Darroch uses colour shifts to describe depth in a single plane though, inversely, translucency also allows colour to change as it is viewed. Direct engagement between the viewer and an object through a tinted plane or material can create an interaction with an object or space, making it a joy to experience.
Japanese designer Jo Nagasaka uses material density to achieve a different type of shift in colour and visibility with his Slope table. The table, standing at an angle, is topped with a wedge of coloured resin, providing a level surface and gradually revealing the beauty of the timber beneath.
Patricia Urquiola and Ronan and Erwan Bouroullec also explore these possibilities with manufacturer Glas Italia, creating furniture that defines its own densities and colourways based on the observer’s viewpoint. Urquiola’s Shimmer range and the Diapositive collection by the French brothers, both made of laminated glass, have an ability to shift perception, extending themselves through the projection of light and shadow.
Another Japanese designer, working on the stores for fashion designer Issey Miyake, turned a film developed to blur vision of ATM screens into a vision-shifting architectural product. Lumisty, a transparent film applied to glass, appears frosted or clear depending on the angle at which it is viewed. Used predominantly in retail and workplace projects, the film can also be used to provide increased privacy in high density developments without the loss of natural light.
Balancing natural and emitted light, Sydney architect Eoghan Lewis has used transparency to create a multifunctional translucent wall for his client’s painting studio in Tempe. Triple-glazed in polycarbonate, Lewis says the facade “insulates the space, keeps out UV and brings in a very delicate light … it acts like a piece of furniture for the studio and the translucent qualities of the skin quietly reveal its function. LEDs embedded within the frame transform the studio into a glowing lantern at night.”
Part of a much-praised project, the studio sits at the rear of a Heritage-listed sandstone cottage that Lewis has delicately converted.
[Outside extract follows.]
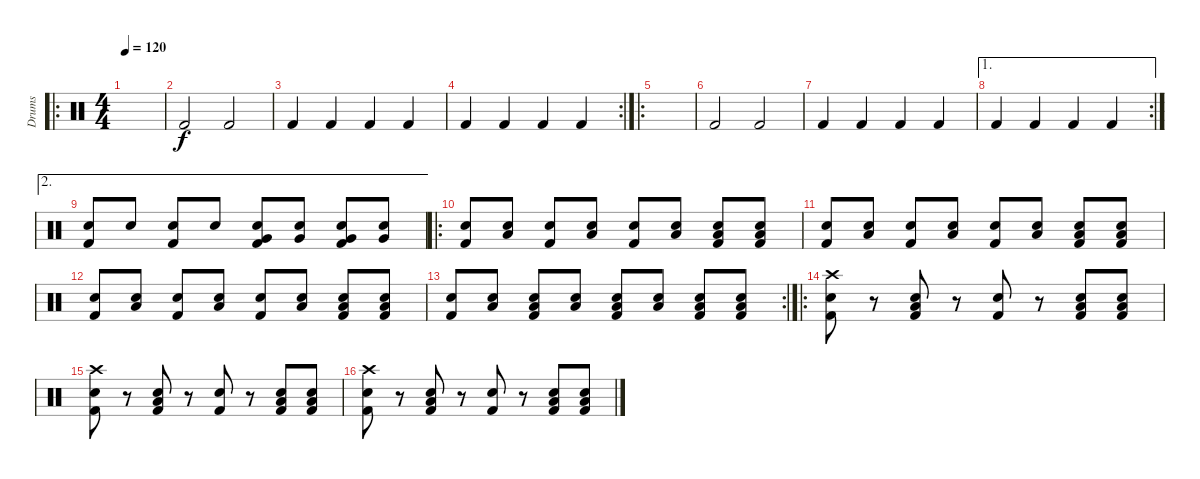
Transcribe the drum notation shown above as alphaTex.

Additions to the existing building are clad in Australian spotted gum imbued with a UV stain, giving the timber a vivid “almost Yves Klein blue”, says Lewis, which will weather off to reveal the timber’s natural silver grey over time.
In the same way architects such as Will Alsop use copper cladding to create an evolving colourscape (Pekham Library Alsop and Stormer, 1999) or the way that sandstone rusts due to the iron in the sand, Lewis is leaving the shift in colour to nature. “The speed of greying in the timber will vary depending on the orientation and level of exposure to the elements,” says Lewis. “We imagine it becoming more and more beautiful over time.”